Tracking funds on blockchain reveals millions, even billions

A total of 26 Tron wallets and 67 client accounts at virtual asset exchanges belonging to Palestine Islamic Jihad (PIJ) were seized on the 4th of July by the National Bureau for Counter-Terror Financing of Israel (NBCTF). Those contained $94 million worth of crypto, as reported by Elliptic.

The Sunni Islamist militant group PIJ is the second-largest Palestinian militant group, sometimes operating in coordination with Hamas. PIJ seeks to establish an Islamist Palestinian state that is committed to the destruction of Israel, according to the description provided by the US Office of the Director of National Intelligence.

And Hamas (the acronym for Harakat al-Muqawama al-Islamiya (Islamic Resistance Movement) is the largest and most capable militant group in the Palestinian territories, committed to armed resistance against Israel and the creation of an Islamic Palestinian state in Israel’s place.

Transactions within the seized accounts linked PIJ, Hamas, and Hezbollah, and flows went both ways through illicit money services such as the sanctioned Russian exchange Garantex, as well as the decentralized exchange Sunswap.

Crypto transactions
Image by Elliptic.

And those crypto wallets are far from the largest ones.

When the NBCTF announced orders to seize crypto wallets belonging to the Hezbollah group and the Quds Force in May and June 2023, the operations aimed to seize millions of dollars.
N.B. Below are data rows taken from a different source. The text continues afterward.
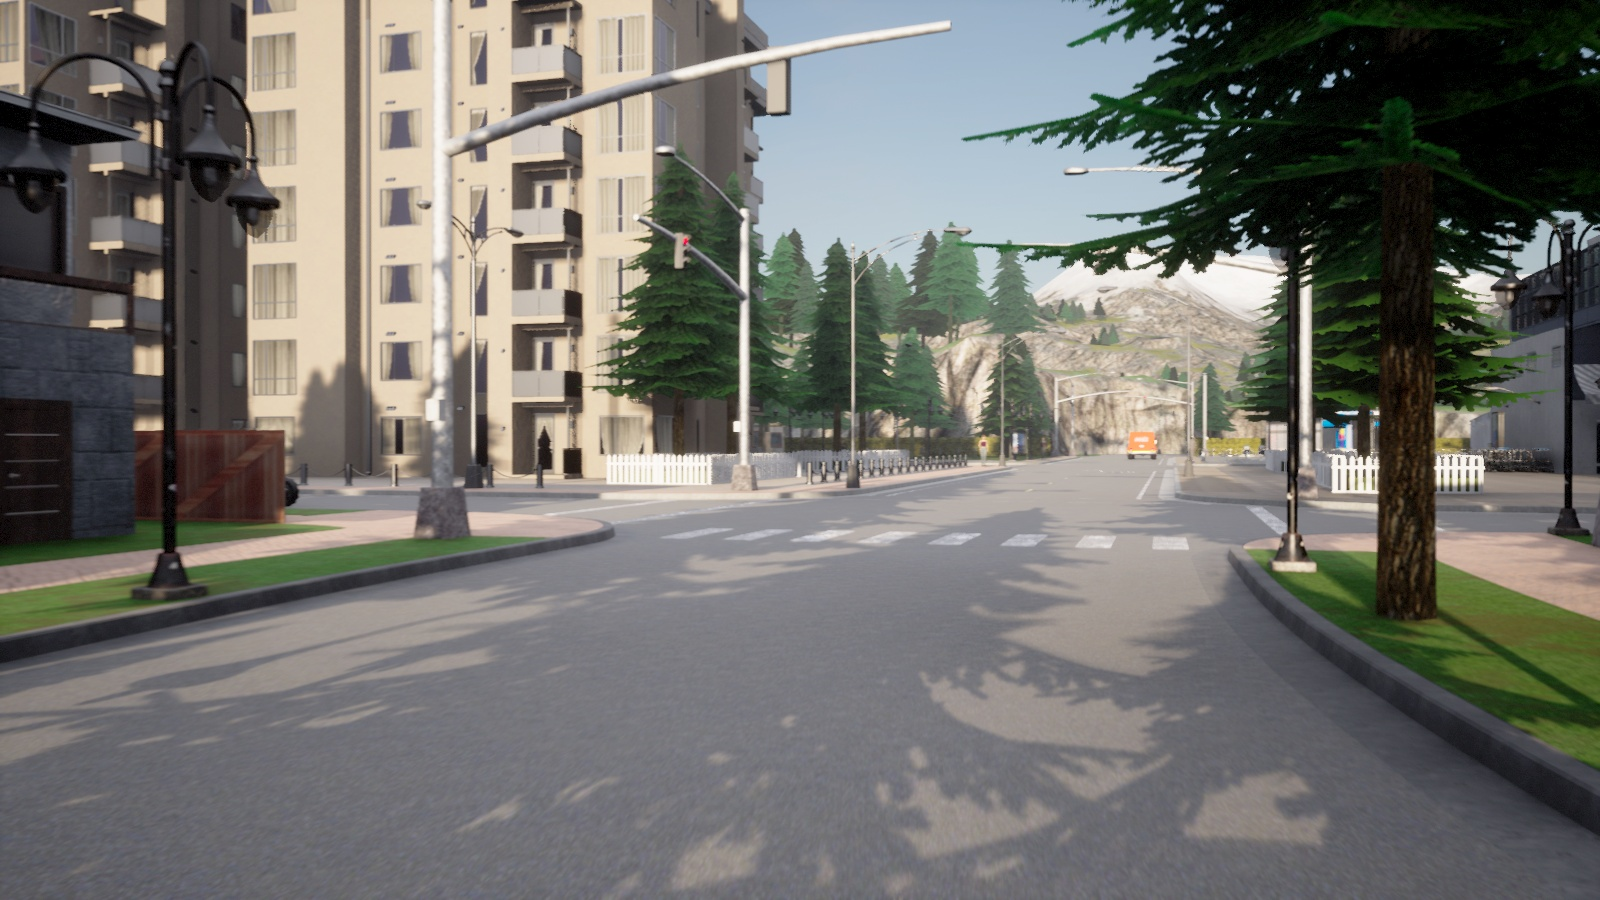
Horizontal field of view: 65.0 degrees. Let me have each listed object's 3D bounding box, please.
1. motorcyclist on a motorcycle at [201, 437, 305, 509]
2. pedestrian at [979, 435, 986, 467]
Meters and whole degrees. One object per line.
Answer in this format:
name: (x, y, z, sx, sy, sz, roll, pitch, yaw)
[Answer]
motorcyclist on a motorcycle: (-12.958, 0.529, 29.752, 2.350, 1.649, 0.766, 0, 0, 18)
pedestrian: (10.312, 0.050, 71.001, 0.345, 1.836, 0.594, 0, 0, 6)

However, an analysis of crypto wallets performed by the Israeli crypto tax and portfolio tracking company BitOK, revealed a turnover of $7.7 billion since June 10th, 2021, within the first scheme and $3.13 billion since October 26th, 2020, within the second scheme.

The success of the seizures remains unclear. As of today, some crypto wallets remain active, and one of the larger ones contains more than half a million dollars.
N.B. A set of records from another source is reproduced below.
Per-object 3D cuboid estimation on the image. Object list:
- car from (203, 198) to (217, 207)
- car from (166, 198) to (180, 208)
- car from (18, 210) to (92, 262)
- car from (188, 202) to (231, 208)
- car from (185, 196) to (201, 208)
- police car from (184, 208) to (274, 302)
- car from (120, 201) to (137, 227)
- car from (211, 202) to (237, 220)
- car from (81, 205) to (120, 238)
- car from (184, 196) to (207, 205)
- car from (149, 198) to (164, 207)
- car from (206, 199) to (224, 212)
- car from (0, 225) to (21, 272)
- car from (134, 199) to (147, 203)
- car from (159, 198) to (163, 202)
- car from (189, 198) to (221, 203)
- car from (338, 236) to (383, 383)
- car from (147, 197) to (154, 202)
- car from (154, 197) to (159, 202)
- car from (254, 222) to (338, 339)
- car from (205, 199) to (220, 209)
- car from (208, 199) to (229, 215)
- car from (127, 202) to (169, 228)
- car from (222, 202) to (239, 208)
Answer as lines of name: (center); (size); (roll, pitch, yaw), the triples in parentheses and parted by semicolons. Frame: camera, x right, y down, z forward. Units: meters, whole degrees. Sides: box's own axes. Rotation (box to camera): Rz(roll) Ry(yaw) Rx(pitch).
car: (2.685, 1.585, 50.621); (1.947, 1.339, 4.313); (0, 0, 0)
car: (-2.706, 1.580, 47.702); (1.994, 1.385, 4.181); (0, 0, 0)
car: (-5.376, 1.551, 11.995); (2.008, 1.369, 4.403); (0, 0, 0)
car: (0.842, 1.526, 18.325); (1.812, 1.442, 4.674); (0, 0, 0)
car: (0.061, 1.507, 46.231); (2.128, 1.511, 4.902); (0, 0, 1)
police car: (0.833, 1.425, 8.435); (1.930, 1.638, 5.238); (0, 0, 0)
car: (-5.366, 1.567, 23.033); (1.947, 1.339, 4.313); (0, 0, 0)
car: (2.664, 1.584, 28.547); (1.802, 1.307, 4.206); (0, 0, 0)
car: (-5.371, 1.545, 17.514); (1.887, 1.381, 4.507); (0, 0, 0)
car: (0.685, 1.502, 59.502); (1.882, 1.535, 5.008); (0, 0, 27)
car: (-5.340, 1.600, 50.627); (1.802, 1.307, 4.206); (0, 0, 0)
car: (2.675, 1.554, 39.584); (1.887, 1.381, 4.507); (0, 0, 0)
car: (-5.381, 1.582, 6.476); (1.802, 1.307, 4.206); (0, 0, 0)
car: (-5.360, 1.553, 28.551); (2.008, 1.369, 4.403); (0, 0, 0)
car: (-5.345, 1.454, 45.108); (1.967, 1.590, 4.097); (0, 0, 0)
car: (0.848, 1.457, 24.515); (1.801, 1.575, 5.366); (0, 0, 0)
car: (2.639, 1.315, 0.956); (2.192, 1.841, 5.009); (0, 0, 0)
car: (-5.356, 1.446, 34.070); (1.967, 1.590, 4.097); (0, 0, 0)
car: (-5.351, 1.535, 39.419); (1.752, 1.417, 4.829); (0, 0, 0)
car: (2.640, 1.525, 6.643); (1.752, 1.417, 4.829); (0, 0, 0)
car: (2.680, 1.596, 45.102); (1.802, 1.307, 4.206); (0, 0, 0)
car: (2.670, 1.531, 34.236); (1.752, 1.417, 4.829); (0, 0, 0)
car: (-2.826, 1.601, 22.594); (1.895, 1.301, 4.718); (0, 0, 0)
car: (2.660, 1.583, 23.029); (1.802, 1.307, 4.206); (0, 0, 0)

“As for the other addresses, they remain active. Moreover, despite the issuance of the Seizure Order, they have not been subjected to any form of blocking,” researchers from BitOK noticed.
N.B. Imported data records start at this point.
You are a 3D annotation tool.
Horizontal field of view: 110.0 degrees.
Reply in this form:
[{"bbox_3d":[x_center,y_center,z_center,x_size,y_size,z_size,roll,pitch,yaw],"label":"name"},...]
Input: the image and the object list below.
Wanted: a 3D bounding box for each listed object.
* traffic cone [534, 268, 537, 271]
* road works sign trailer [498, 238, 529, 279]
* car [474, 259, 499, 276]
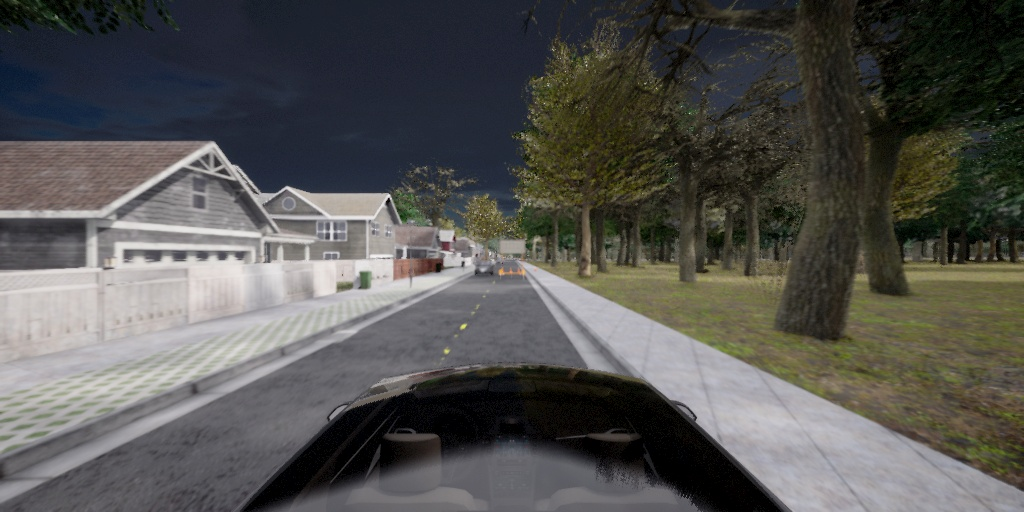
[{"bbox_3d":[2.822,1.378,43.221,0.340,0.580,0.340,0,0,2],"label":"traffic cone"},{"bbox_3d":[0.012,0.209,31.980,2.380,3.560,2.880,0,0,0],"label":"road works sign trailer"},{"bbox_3d":[-2.823,1.237,37.582,2.128,1.511,4.902,0,0,0],"label":"car"}]

Many addresses actively engaged in sending and receiving cryptocurrencies through prominent exchanges and platforms such as Binance, KuCoin, BTCTurk, Bybit and others.

Binance helped to freeze accounts

On October 10th, the Israeli government, with the help of Binance, announced that it was freezing more cryptocurrency accounts linked to Hamas and other terrorist groups.

Reuters reported in May that Israel had seized around 190 crypto accounts on Binance since 2021. Two of the seized accounts were linked to Islamic State, and dozens more were owned by Palestinian groups connected to Hamas.

"The Police Cyber Unit and the Ministry of Defense immediately took action to locate and freeze these accounts, with the assistance of the Binance crypto exchange, in order to divert the funds to the state treasury," the police statement said. It gave no further details on how many accounts were frozen or the value of the crypto seized.

The Israeli authorities leverage the transparency and traceability of crypto assets to detect, freeze, and confiscate related funds.

“The ability to detect and disrupt terrorist financing activity on the blockchain will be a critical element of any response, should Hamas resume the use of crypto for fundraising,” Elliptic writes.

Crypto fundraising may resume, but it will be harder

With the US, UK, EU, and other governments condemning Hamas’s attack on Israel, broader efforts to curtail the use of crypto for terrorist financing are likely.

Hamas has been trying to raise funds from donors since at least January 2019, instructing supporters to send funds to Bitcoin addresses that the group supported.

The first campaigns were small, with just several thousand dollars over a few months. However, that all changed in the summer of 2021 when conflict broke out between Israel and Hamas. The Hamas military wing Al-Qassam Brigades quickly raised more than $7.3 million worth of crypto by July 2021.

Following a series of Israeli freezing orders, in April 2023, researchers noticed a decrease in crypto donations. Hamas announced to its supporters that it no longer accepted crypto donations, acknowledging that it leaves funds vulnerable to tracking and seizing, while citing an increase in "hostile" activity against donors.

But in light of the current conflict, Elliptical sees a real possibility that crypto fundraising may resume.